Facts about the course

ECTS Credits:
2.5
Responsible department:
Faculty of Logistics
Course Leader:
Arild Hoff
Lecture Semester:
Autumn
Duration:
½ year

LOG904-162 Scheduling in Sports (Autumn 2020)

About the course

Sports have worldwide appeal. Professional sport leagues involve significant investments and face challenging logistics optimization problems. On the other side, amateur leagues involve less investments, but also require coordination and logistical efforts due to the large number of tournaments and competitors. A key aspect of sporting events is the ability to generate schedules and assign venues that optimize logistic issues and that are seen as fair to all those involved. This is not just restricted to generating the fixtures, but also to other issues such as assigning officials to the games in the competition. Integer programming, constraint programming, metaheuristics, and hybrid methods have been successfully applied to the solution of different variants of this problem. The course starts with an overview of timetabling and scheduling problems in different areas, involving resources such as vehicles (trains, buses), examinations, university courses, personnel (nurses, teachers), games and sports facilities, showing the richness of this field of application and of the techniques presented. The course presents fundamental issues, problem formulations, solution methods, applications, and successful case studies in professional leagues of different sport disciplines such as football, baseball, basketball, cricket, and hockey.

 

Topics covered:

1. Timetabling and scheduling problems: Vehicles (trains, buses), examinations, university courses, personnel (nurses, teachers), games and sports facilities.
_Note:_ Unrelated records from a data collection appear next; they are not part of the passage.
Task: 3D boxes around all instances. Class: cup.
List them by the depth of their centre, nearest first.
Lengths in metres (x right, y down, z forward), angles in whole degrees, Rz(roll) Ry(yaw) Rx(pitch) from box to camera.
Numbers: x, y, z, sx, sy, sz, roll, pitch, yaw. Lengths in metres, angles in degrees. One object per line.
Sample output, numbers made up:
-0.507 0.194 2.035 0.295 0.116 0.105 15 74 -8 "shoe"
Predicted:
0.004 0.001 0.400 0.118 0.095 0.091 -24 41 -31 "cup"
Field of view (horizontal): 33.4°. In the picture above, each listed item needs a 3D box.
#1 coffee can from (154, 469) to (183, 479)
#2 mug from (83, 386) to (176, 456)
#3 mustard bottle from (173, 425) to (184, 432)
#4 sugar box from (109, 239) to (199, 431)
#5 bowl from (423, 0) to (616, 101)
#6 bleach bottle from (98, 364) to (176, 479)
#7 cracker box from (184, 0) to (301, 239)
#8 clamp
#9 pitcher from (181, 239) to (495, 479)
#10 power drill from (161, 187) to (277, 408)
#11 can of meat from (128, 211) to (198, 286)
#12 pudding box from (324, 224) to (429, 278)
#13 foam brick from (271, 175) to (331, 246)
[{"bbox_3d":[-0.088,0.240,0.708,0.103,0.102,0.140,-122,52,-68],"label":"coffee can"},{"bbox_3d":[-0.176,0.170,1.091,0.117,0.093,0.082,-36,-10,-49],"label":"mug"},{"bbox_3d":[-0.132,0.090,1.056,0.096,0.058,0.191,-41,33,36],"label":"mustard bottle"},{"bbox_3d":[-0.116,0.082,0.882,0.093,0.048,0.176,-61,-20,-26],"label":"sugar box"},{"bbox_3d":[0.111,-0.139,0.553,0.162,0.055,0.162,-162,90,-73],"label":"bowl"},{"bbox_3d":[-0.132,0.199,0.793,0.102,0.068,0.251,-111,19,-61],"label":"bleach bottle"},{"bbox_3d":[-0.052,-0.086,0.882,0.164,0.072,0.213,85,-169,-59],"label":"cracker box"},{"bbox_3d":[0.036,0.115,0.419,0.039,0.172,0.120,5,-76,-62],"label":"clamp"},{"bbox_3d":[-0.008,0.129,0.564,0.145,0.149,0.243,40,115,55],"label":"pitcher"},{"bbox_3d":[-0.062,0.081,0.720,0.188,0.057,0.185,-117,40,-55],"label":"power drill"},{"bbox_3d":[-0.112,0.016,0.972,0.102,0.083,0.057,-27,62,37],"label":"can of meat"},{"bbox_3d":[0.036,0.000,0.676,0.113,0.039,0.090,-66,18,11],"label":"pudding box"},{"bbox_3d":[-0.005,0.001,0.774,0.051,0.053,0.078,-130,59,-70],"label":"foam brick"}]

Models and constraints. Workshop of applications.

 

2. Scheduling in sports: Economical importance of sports. Scheduling problems in sports. Amateur vs professional leagues. Round robin tournaments, objectives and constraints.

 

3. Combinatorial structures: graph theory fundamentals, home and away games. Building schedules from home-away assignments or from timetables, fairness and break minimization, the traveling tournament problem, balanced tournaments, tournaments with referees, carry- over effects, edge colorings, polygon method.

 

4. Metaheuristics in sports scheduling: Greedy algorithms. Neighborhoods, connectivity, local search. Overview of metaheuristics: trajectory-based and population-based methods. Applications of metaheuristics to sports scheduling.

 

5. Integer programming in sports scheduling: Formulations, reformulations, decomposition approaches: first-break-then-schedule and first-schedule-then-break. Applications of integer programming to sports scheduling.

 

6. Sports scheduling in practice: Case studies. Workshop of applications.

The course is connected to the following study programs

Recommended requirements

Linear and Integer Programming, basics of Metaheuristics

Forms of teaching and learning

The first goal of this course is to give the students an overview of the class of timetabling and scheduling problems and their broad area of application, including in logistics. The course presents fundamental issues, problem formulations, solution methods, applications, and successful case studies of scheduling in professional leagues of different sport disciplines. In the home assessments, the students will have the opportunity to do some research and to learn in details about applications of their interest.

Examination

Form of assessment: Home assessment with presentation

  • Proportion: 50%

  • Duration: -

  • Grouping: Group

  • Grading scale: Letter (A - F)

  • Support material: All printed and written supporting material

Form of assessment: Home assessment

  • Proportion: 50%

  • Duration: -

  • Grouping: -

  • Grading scale: Letter (A - F)

  • Support material: All printed and written supporting material

Syllabus

Some references:

 

1. C.C. Ribeiro,“Sports scheduling: Problems and applications”, International Transactions in

Operational Research 19 (2012), 201-226.

2. G. Kendall, S. Knust, C.C. Ribeiro, and S. Urutia, “Scheduling in sports: An annotated bibliography”, Computers and Operations Research 37 (2010), 1-19.

 

3. D. Briskorn, Sports Leagues Scheduling: Models, Combinatorial Properties, and Optimization

Algorithms, Lecture Notes in Economics and Mathematical Systems 603, Springer, Berlin, 2008

 

4. C.C. Ribeiro, S. Urrutia, and D. de Werra, Combinatorial Models for Sports Scheduling, Springer, Berlin, to appear.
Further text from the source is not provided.